--- Records supplied ---

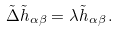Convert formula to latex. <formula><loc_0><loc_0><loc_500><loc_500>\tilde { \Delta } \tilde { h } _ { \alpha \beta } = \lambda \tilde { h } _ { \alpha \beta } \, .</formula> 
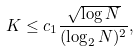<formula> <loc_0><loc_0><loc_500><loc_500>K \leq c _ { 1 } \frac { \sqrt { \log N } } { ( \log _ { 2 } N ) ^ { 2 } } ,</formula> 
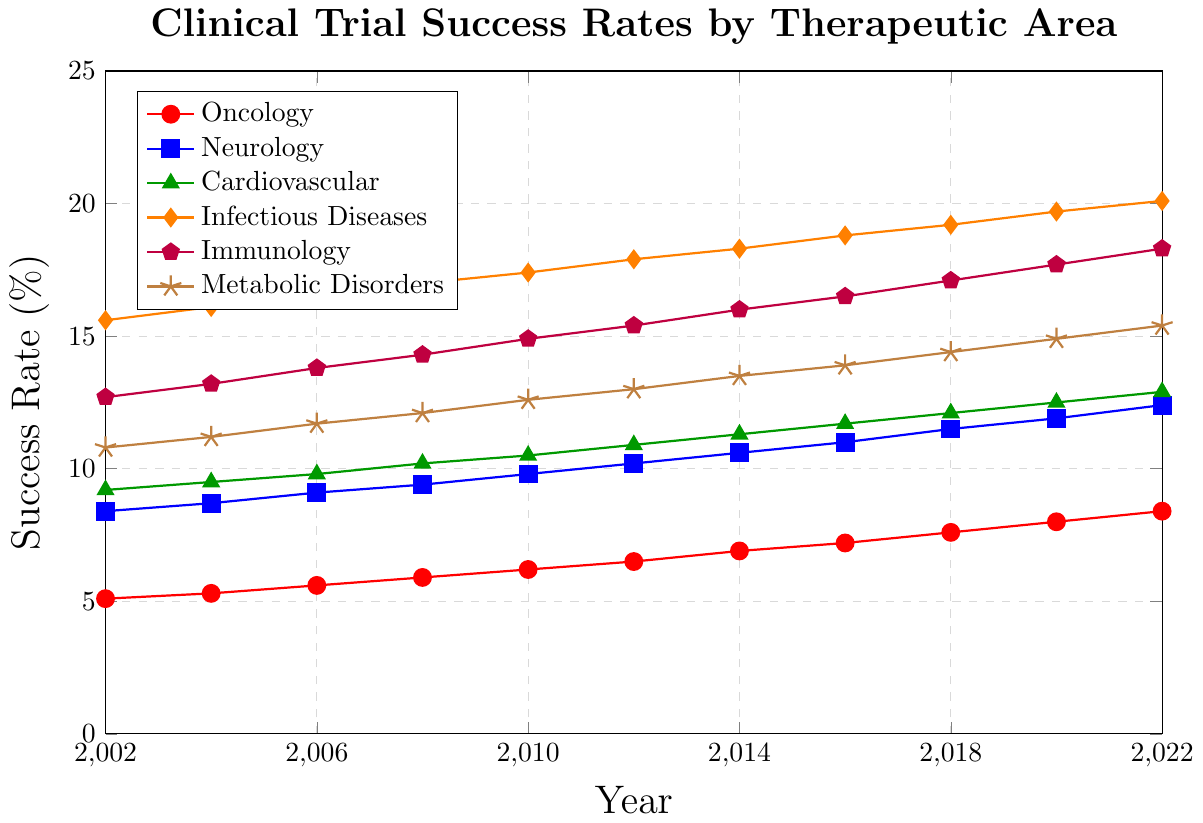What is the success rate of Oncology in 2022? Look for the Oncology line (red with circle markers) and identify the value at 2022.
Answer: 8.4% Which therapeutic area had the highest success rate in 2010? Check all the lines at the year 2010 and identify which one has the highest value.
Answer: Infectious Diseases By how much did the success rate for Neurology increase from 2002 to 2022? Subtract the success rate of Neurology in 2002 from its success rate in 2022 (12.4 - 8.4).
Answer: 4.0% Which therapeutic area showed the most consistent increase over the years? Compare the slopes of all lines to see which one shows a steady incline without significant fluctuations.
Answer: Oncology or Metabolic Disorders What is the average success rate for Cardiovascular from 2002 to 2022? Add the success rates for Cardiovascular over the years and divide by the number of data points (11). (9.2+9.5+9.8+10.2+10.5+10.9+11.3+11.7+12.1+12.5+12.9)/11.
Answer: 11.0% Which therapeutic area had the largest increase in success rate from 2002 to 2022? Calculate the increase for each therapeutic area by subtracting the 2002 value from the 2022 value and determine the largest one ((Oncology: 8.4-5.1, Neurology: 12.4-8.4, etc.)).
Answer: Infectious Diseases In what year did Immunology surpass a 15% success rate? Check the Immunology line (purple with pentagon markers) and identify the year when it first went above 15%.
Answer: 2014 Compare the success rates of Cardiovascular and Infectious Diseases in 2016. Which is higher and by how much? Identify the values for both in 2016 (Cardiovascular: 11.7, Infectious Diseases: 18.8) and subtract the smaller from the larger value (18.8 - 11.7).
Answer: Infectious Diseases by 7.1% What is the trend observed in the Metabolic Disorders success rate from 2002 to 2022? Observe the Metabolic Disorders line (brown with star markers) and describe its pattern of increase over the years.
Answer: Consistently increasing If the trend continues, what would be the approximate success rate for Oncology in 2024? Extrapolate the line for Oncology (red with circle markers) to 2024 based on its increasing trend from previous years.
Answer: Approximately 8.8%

---

Task to complete: I need every line of the data that has the word "Neurology"; please list them.

Answer area:
Answer: Infectious Diseases By how much did the success rate for Neurology increase from 2002 to 2022? Subtract the success rate of Neurology in 2002 from its success rate in 2022 (12.4 - 8.4).
Answer: 11.0% Which therapeutic area had the largest increase in success rate from 2002 to 2022? Calculate the increase for each therapeutic area by subtracting the 2002 value from the 2022 value and determine the largest one ((Oncology: 8.4-5.1, Neurology: 12.4-8.4, etc.)).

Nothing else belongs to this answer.